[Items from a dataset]

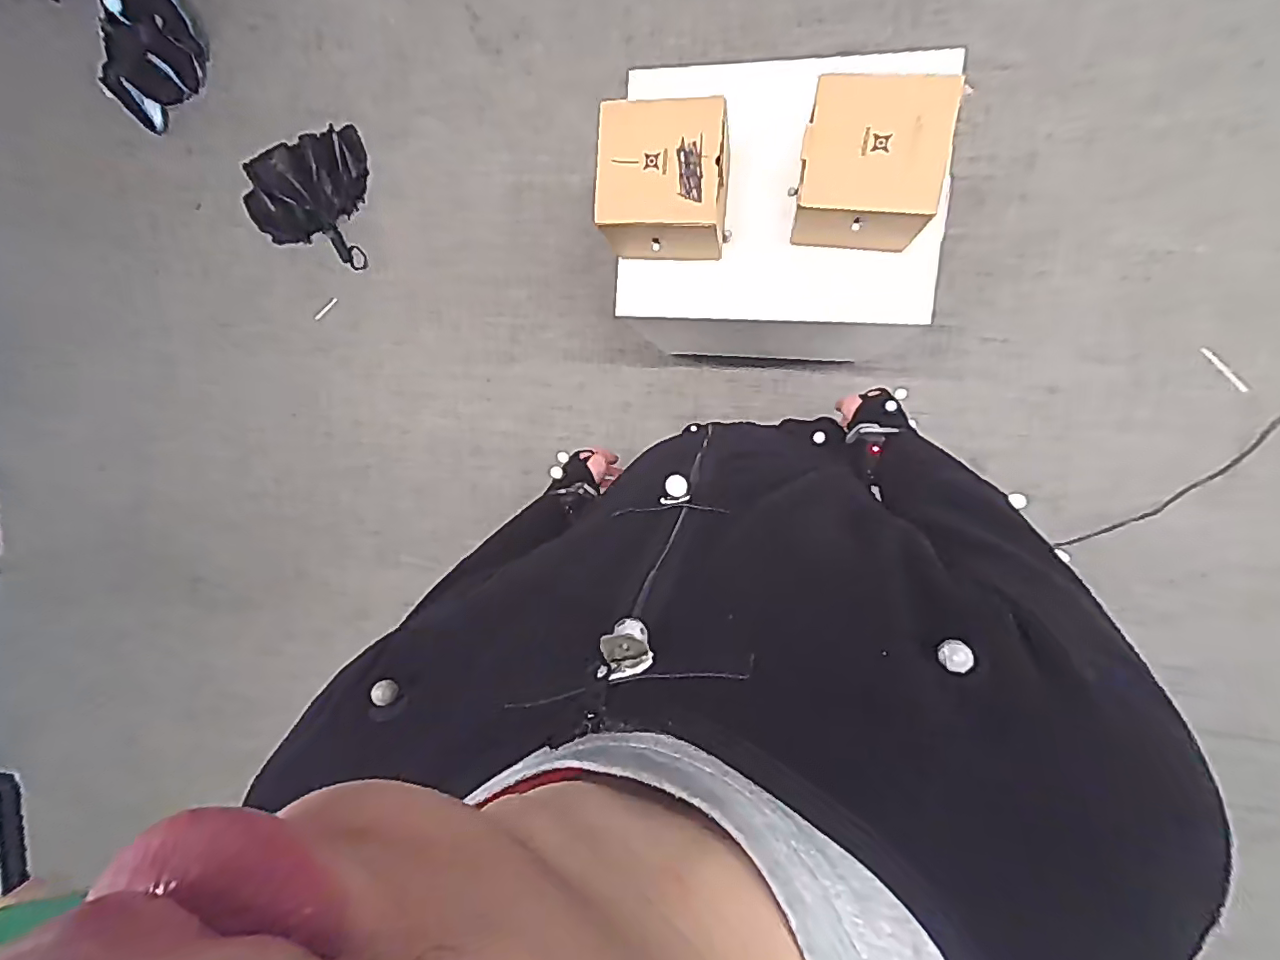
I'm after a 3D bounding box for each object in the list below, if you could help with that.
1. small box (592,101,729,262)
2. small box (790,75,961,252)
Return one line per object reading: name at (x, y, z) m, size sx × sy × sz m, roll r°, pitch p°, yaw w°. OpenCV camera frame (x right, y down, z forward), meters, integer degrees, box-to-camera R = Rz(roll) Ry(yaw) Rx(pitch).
small box at (0.040, -0.441, 0.822) m, size 0.179 × 0.176 × 0.168 m, roll 6°, pitch 96°, yaw 13°
small box at (0.316, -0.435, 0.767) m, size 0.179 × 0.176 × 0.168 m, roll 9°, pitch 99°, yaw 10°

→ WHAT THIS TASK INVOLVES: If a record contains a picture, leave the picture out; repeat the record itself exactly.

→ SOLUTION FOR THIS TASK:
I'm after a 3D bounding box for each object in the list below, if you could help with that.
1. small box (592,101,729,262)
2. small box (790,75,961,252)
Return one line per object reading: name at (x, y, z) m, size sx × sy × sz m, roll r°, pitch p°, yaw w°. OpenCV camera frame (x right, y down, z forward), meters, integer degrees, box-to-camera R = Rz(roll) Ry(yaw) Rx(pitch).
small box at (0.040, -0.441, 0.822) m, size 0.179 × 0.176 × 0.168 m, roll 6°, pitch 96°, yaw 13°
small box at (0.316, -0.435, 0.767) m, size 0.179 × 0.176 × 0.168 m, roll 9°, pitch 99°, yaw 10°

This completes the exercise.